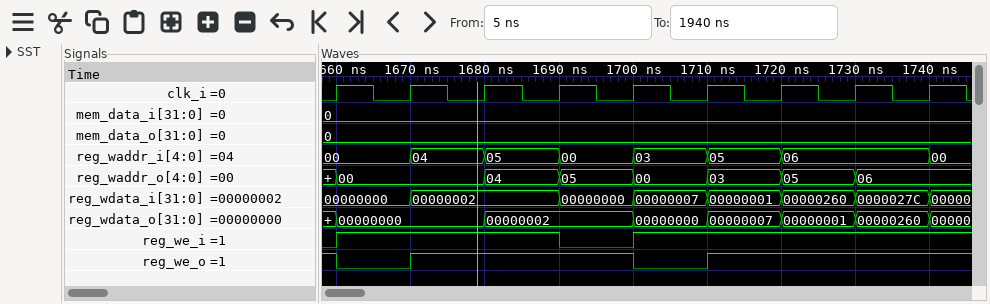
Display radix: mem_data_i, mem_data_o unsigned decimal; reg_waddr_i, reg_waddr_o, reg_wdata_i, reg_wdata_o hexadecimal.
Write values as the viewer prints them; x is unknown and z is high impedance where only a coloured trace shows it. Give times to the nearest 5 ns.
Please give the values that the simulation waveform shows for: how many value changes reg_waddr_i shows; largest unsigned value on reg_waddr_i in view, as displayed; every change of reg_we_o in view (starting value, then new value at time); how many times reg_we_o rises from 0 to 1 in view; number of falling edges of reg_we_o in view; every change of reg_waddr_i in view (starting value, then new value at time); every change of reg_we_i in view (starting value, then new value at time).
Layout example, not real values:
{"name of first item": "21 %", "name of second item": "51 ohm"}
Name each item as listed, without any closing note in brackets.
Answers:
{"how many value changes reg_waddr_i shows": "7", "largest unsigned value on reg_waddr_i in view, as displayed": "06", "every change of reg_we_o in view": "1, 0 at 1660 ns, 1 at 1670 ns, 0 at 1700 ns, 1 at 1710 ns", "how many times reg_we_o rises from 0 to 1 in view": "2", "number of falling edges of reg_we_o in view": "2", "every change of reg_waddr_i in view": "00, 04 at 1670 ns, 05 at 1680 ns, 00 at 1690 ns, 03 at 1700 ns, 05 at 1710 ns, 06 at 1720 ns, 00 at 1740 ns", "every change of reg_we_i in view": "0, 1 at 1660 ns, 0 at 1690 ns, 1 at 1700 ns"}
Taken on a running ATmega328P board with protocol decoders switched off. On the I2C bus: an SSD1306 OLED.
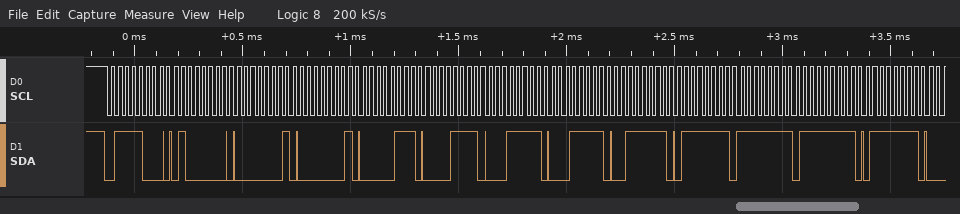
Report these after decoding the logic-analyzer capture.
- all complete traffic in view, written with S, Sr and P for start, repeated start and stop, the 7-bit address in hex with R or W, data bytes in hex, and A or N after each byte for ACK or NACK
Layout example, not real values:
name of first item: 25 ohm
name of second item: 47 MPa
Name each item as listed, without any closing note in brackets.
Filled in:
all complete traffic in view, written with S, Sr and P for start, repeated start and stop, the 7-bit address in hex with R or W, data bytes in hex, and A or N after each byte for ACK or NACK: S 3CW A 40 A 01 A 01 A 07 A 0F A 1F A 1F A 3F A 7F A FF A FF A 7F A
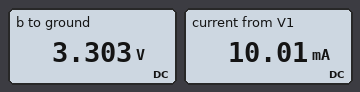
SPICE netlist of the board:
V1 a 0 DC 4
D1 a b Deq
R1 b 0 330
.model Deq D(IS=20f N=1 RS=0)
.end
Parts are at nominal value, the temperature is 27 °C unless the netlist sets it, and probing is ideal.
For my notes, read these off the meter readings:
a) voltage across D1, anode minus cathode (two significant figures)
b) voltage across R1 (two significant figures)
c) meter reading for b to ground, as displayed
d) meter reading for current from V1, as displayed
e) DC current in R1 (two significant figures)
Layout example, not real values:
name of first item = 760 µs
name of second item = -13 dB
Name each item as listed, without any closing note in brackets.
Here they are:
voltage across D1, anode minus cathode = 700 mV
voltage across R1 = 3.3 V
meter reading for b to ground, as displayed = 3.303 V
meter reading for current from V1, as displayed = 10.01 mA
DC current in R1 = 10 mA
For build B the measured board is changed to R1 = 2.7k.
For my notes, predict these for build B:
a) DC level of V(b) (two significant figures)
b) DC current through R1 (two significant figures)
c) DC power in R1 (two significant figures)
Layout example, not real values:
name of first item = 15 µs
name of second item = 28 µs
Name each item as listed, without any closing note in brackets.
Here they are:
DC level of V(b) = 3.4 V
DC current through R1 = 1.2 mA
DC power in R1 = 4.2 mW
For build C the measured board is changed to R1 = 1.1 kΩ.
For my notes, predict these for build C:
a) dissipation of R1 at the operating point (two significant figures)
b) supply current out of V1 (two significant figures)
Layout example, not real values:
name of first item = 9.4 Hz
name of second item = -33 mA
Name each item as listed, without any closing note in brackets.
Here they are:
dissipation of R1 at the operating point = 10 mW
supply current out of V1 = 3.0 mA
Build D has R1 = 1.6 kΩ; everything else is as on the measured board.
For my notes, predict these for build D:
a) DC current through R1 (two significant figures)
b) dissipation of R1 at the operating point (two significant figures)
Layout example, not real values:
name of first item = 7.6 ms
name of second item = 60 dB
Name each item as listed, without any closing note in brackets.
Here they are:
DC current through R1 = 2.1 mA
dissipation of R1 at the operating point = 7.0 mW
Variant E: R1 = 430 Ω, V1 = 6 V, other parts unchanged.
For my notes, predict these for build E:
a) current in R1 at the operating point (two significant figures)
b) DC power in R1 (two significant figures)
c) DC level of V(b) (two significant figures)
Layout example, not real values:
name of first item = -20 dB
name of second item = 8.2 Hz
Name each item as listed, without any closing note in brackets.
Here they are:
current in R1 at the operating point = 12 mA
DC power in R1 = 65 mW
DC level of V(b) = 5.3 V
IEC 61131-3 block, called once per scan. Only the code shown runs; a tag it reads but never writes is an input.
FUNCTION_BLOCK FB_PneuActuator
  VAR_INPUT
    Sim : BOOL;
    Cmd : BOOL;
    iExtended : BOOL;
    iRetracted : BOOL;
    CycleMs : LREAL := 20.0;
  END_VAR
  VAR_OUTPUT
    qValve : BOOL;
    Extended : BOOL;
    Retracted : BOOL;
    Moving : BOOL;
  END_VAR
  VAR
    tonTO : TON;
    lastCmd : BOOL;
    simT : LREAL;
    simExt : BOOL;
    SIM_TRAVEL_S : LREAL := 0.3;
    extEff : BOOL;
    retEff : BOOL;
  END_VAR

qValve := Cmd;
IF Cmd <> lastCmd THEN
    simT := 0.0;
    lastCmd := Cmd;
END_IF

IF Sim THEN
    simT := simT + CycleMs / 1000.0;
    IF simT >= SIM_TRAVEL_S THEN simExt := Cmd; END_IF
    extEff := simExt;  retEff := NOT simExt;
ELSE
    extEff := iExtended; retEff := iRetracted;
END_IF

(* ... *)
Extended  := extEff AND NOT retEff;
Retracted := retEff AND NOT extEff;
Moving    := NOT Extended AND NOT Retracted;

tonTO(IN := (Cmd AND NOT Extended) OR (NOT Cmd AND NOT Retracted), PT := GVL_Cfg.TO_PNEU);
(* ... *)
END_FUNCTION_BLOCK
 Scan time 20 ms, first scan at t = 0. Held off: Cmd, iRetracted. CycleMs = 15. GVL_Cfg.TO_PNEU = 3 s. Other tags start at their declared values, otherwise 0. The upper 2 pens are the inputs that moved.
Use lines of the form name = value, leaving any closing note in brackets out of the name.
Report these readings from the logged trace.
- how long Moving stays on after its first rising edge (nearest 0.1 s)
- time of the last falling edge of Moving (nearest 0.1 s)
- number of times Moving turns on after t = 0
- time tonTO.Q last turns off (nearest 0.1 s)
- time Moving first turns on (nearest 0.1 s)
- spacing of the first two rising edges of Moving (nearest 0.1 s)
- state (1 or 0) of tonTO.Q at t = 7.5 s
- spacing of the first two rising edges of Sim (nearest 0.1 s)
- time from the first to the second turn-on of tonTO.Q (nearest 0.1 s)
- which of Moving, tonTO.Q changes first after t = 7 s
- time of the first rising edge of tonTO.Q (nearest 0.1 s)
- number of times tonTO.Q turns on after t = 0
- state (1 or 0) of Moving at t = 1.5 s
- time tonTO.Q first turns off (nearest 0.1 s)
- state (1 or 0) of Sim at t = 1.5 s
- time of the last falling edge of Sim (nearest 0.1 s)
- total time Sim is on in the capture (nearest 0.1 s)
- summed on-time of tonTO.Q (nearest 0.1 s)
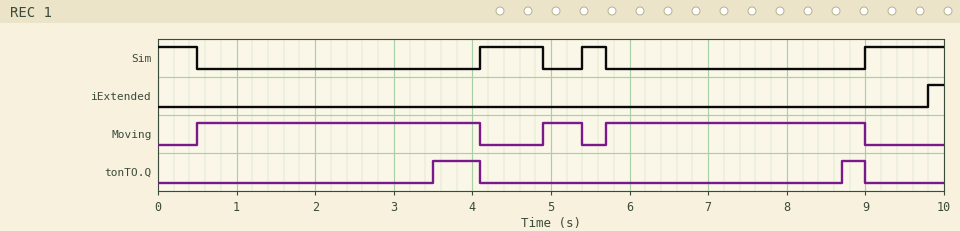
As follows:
how long Moving stays on after its first rising edge = 3.6 s
time of the last falling edge of Moving = 9.0 s
number of times Moving turns on after t = 0 = 3
time tonTO.Q last turns off = 9.0 s
time Moving first turns on = 0.5 s
spacing of the first two rising edges of Moving = 4.4 s
state (1 or 0) of tonTO.Q at t = 7.5 s = 0
spacing of the first two rising edges of Sim = 1.3 s
time from the first to the second turn-on of tonTO.Q = 5.2 s
which of Moving, tonTO.Q changes first after t = 7 s = tonTO.Q
time of the first rising edge of tonTO.Q = 3.5 s
number of times tonTO.Q turns on after t = 0 = 2
state (1 or 0) of Moving at t = 1.5 s = 1
time tonTO.Q first turns off = 4.1 s
state (1 or 0) of Sim at t = 1.5 s = 0
time of the last falling edge of Sim = 5.7 s
total time Sim is on in the capture = 2.6 s
summed on-time of tonTO.Q = 0.9 s

──────────────────────────────

Look above for the line holding "FUNCTION_BLOCK FB_PneuActuator", then set down exactly that line and every line after it up to and including the line holding "- summed on-time of tonTO.Q (nearest 0.1 s)", with nothing else.

FUNCTION_BLOCK FB_PneuActuator
  VAR_INPUT
    Sim : BOOL;
    Cmd : BOOL;
    iExtended : BOOL;
    iRetracted : BOOL;
    CycleMs : LREAL := 20.0;
  END_VAR
  VAR_OUTPUT
    qValve : BOOL;
    Extended : BOOL;
    Retracted : BOOL;
    Moving : BOOL;
  END_VAR
  VAR
    tonTO : TON;
    lastCmd : BOOL;
    simT : LREAL;
    simExt : BOOL;
    SIM_TRAVEL_S : LREAL := 0.3;
    extEff : BOOL;
    retEff : BOOL;
  END_VAR

qValve := Cmd;
IF Cmd <> lastCmd THEN
    simT := 0.0;
    lastCmd := Cmd;
END_IF

IF Sim THEN
    simT := simT + CycleMs / 1000.0;
    IF simT >= SIM_TRAVEL_S THEN simExt := Cmd; END_IF
    extEff := simExt;  retEff := NOT simExt;
ELSE
    extEff := iExtended; retEff := iRetracted;
END_IF

(* ... *)
Extended  := extEff AND NOT retEff;
Retracted := retEff AND NOT extEff;
Moving    := NOT Extended AND NOT Retracted;

tonTO(IN := (Cmd AND NOT Extended) OR (NOT Cmd AND NOT Retracted), PT := GVL_Cfg.TO_PNEU);
(* ... *)
END_FUNCTION_BLOCK
 Scan time 20 ms, first scan at t = 0. Held off: Cmd, iRetracted. CycleMs = 15. GVL_Cfg.TO_PNEU = 3 s. Other tags start at their declared values, otherwise 0. The upper 2 pens are the inputs that moved.
Use lines of the form name = value, leaving any closing note in brackets out of the name.
Report these readings from the logged trace.
- how long Moving stays on after its first rising edge (nearest 0.1 s)
- time of the last falling edge of Moving (nearest 0.1 s)
- number of times Moving turns on after t = 0
- time tonTO.Q last turns off (nearest 0.1 s)
- time Moving first turns on (nearest 0.1 s)
- spacing of the first two rising edges of Moving (nearest 0.1 s)
- state (1 or 0) of tonTO.Q at t = 7.5 s
- spacing of the first two rising edges of Sim (nearest 0.1 s)
- time from the first to the second turn-on of tonTO.Q (nearest 0.1 s)
- which of Moving, tonTO.Q changes first after t = 7 s
- time of the first rising edge of tonTO.Q (nearest 0.1 s)
- number of times tonTO.Q turns on after t = 0
- state (1 or 0) of Moving at t = 1.5 s
- time tonTO.Q first turns off (nearest 0.1 s)
- state (1 or 0) of Sim at t = 1.5 s
- time of the last falling edge of Sim (nearest 0.1 s)
- total time Sim is on in the capture (nearest 0.1 s)
- summed on-time of tonTO.Q (nearest 0.1 s)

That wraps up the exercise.